◆ INPUT RECORDS
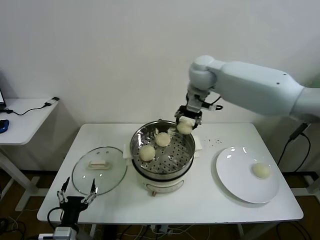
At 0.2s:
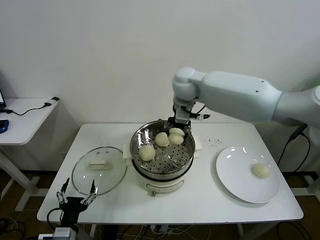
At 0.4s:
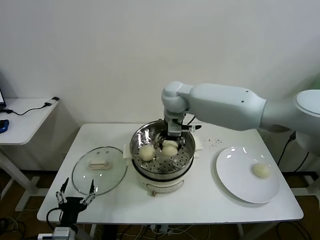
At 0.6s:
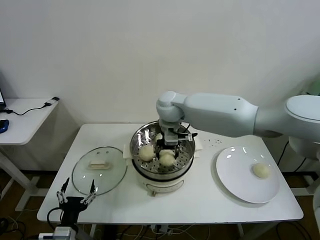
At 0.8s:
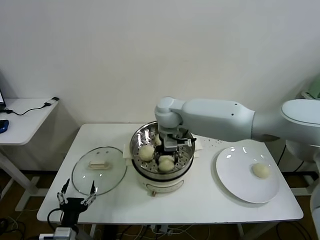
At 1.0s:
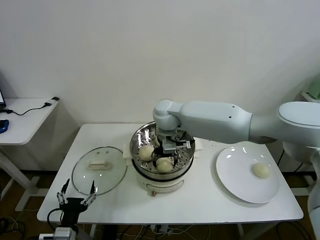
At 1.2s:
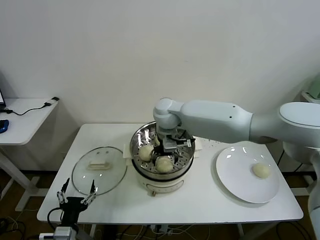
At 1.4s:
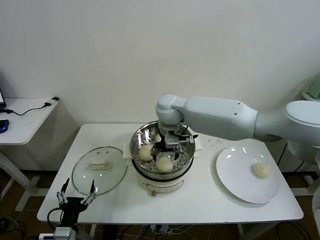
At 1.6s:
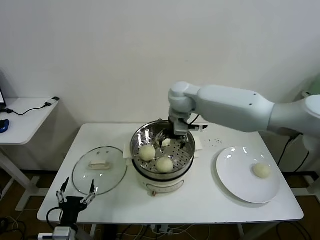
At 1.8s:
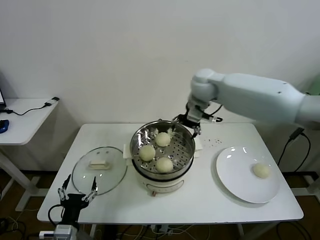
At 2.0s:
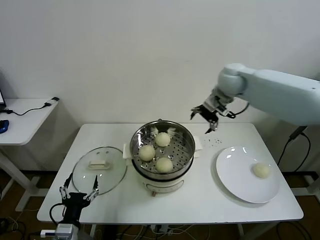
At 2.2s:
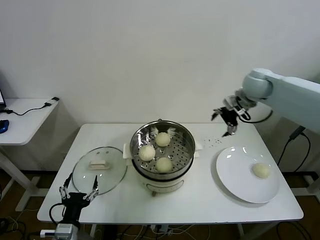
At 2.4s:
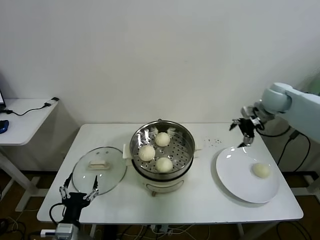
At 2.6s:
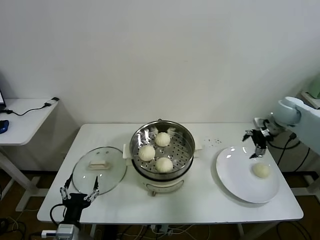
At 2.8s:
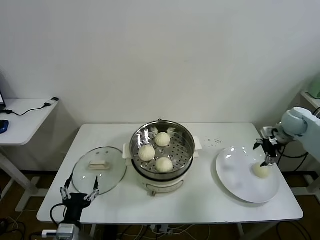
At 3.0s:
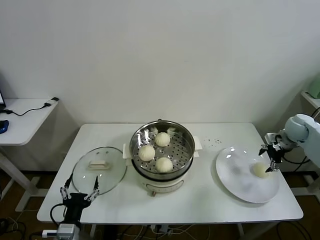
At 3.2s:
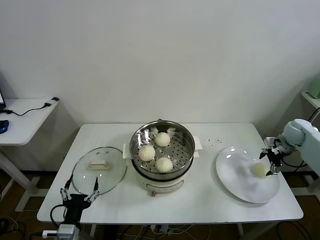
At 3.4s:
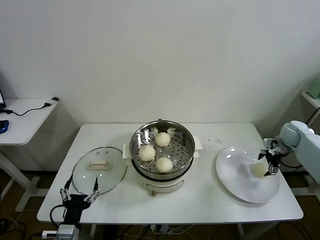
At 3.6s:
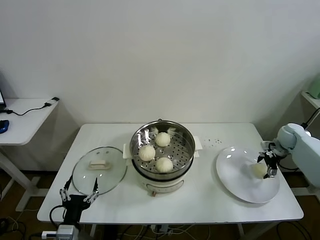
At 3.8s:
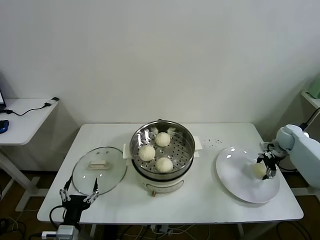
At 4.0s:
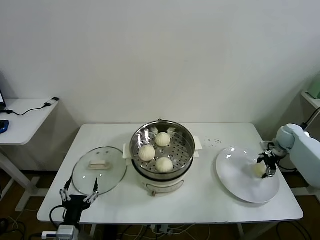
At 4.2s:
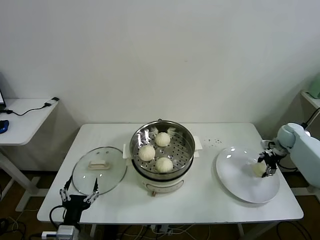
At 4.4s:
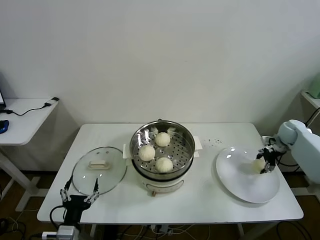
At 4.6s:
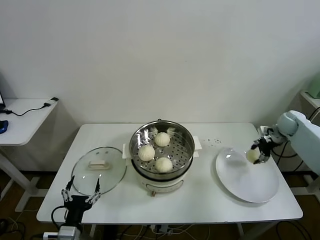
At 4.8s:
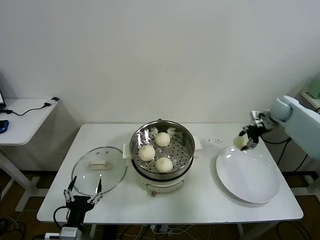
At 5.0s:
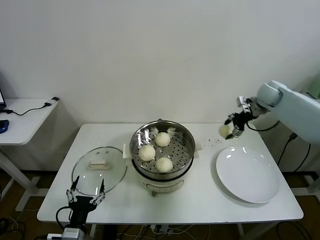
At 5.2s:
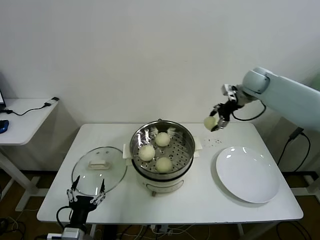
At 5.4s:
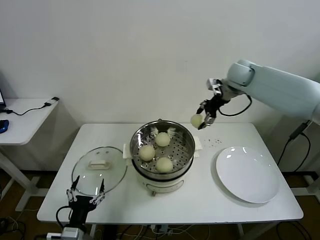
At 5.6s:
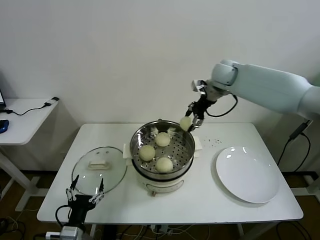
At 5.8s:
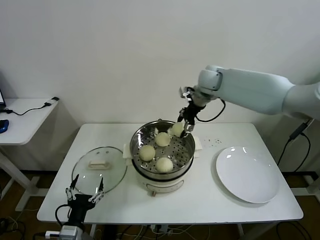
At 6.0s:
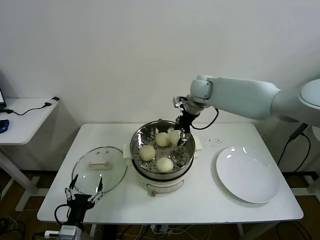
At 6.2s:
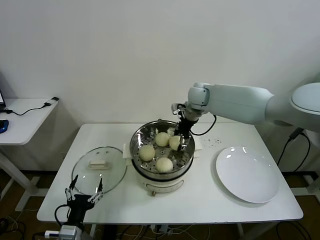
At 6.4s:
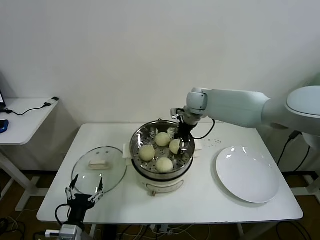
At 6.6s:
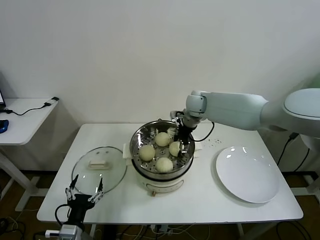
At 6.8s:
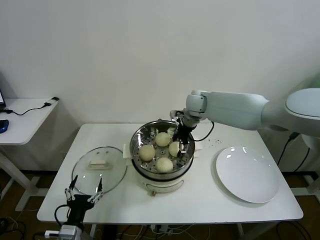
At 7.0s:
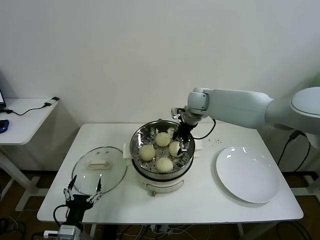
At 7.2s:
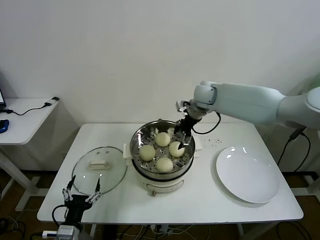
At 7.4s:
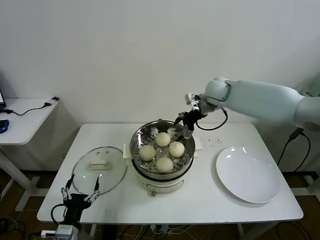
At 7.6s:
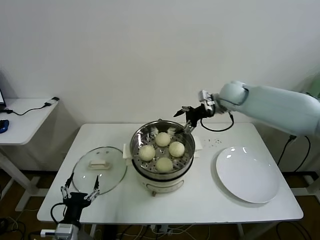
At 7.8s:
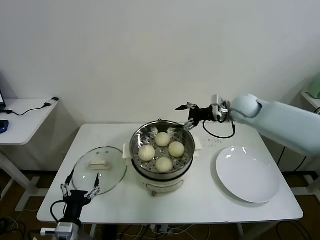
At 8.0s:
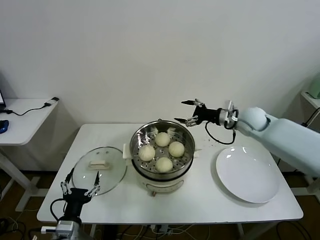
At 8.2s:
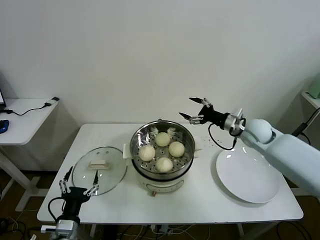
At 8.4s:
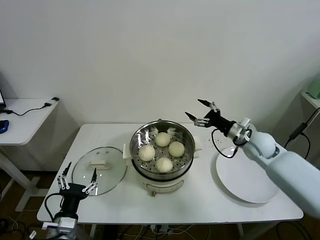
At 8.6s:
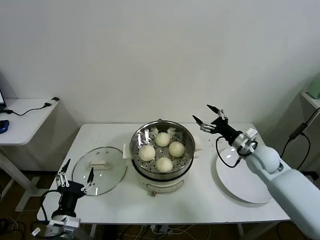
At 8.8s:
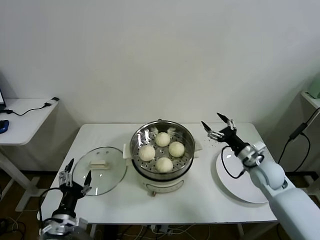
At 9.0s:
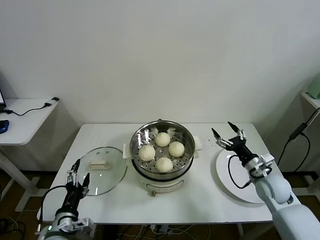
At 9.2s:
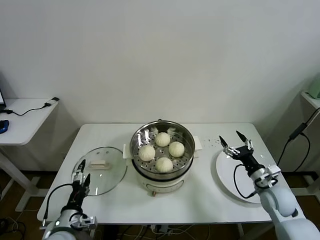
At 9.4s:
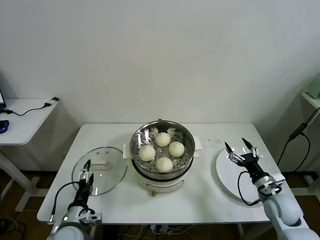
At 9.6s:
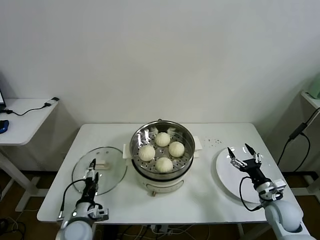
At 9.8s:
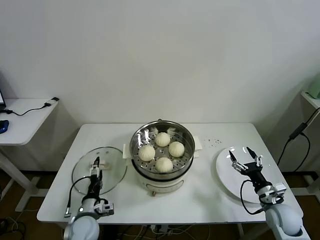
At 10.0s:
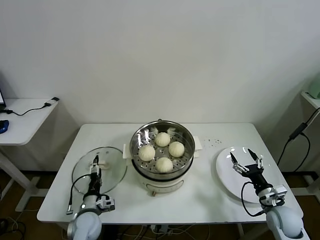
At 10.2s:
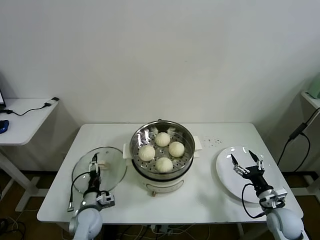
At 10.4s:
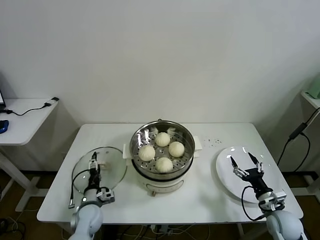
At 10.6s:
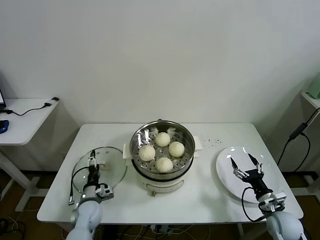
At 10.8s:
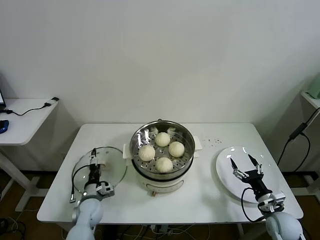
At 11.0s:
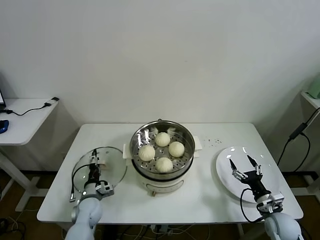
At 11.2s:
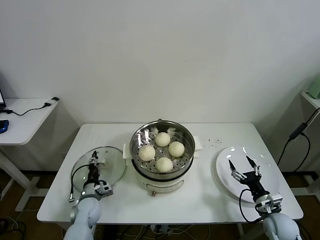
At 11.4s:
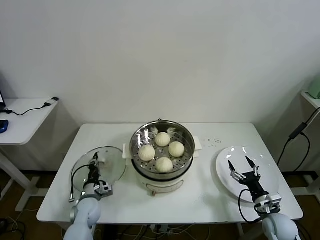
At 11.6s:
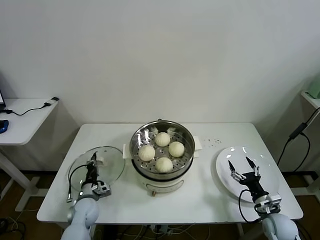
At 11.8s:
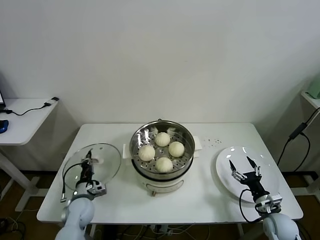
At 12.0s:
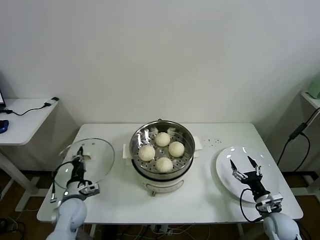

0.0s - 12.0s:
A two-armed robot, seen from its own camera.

◆ ACTIVITY
Although the records contain pictures, transcribe only their text, exactly as written.

◆ RESULT OF THIS EXERCISE
At 0.2s:
At 0.4s:
At 0.6s:
At 0.8s:
At 1.0s:
At 1.2s:
At 1.4s:
At 1.6s:
At 1.8s:
At 2.0s:
At 2.2s:
At 2.4s:
At 2.6s:
At 2.8s:
At 3.0s:
At 3.2s:
At 3.4s:
At 3.6s:
At 3.8s:
At 4.0s:
At 4.2s:
At 4.4s:
At 4.6s:
At 4.8s:
At 5.0s:
At 5.2s:
At 5.4s:
At 5.6s:
At 5.8s:
At 6.0s:
At 6.2s:
At 6.4s:
At 6.6s:
At 6.8s:
At 7.0s:
At 7.2s:
At 7.4s:
At 7.6s:
At 7.8s:
At 8.0s:
At 8.2s:
At 8.4s:
At 8.6s:
At 8.8s:
At 9.0s:
At 9.2s:
At 9.4s:
At 9.6s:
At 9.8s:
At 10.0s:
At 10.2s:
At 10.4s:
At 10.6s:
At 10.8s:
At 11.0s:
At 11.2s:
At 11.4s:
At 11.6s:
At 11.8s:
At 12.0s:

0.0s - 12.0s:
A two-armed robot, seen from its own camera.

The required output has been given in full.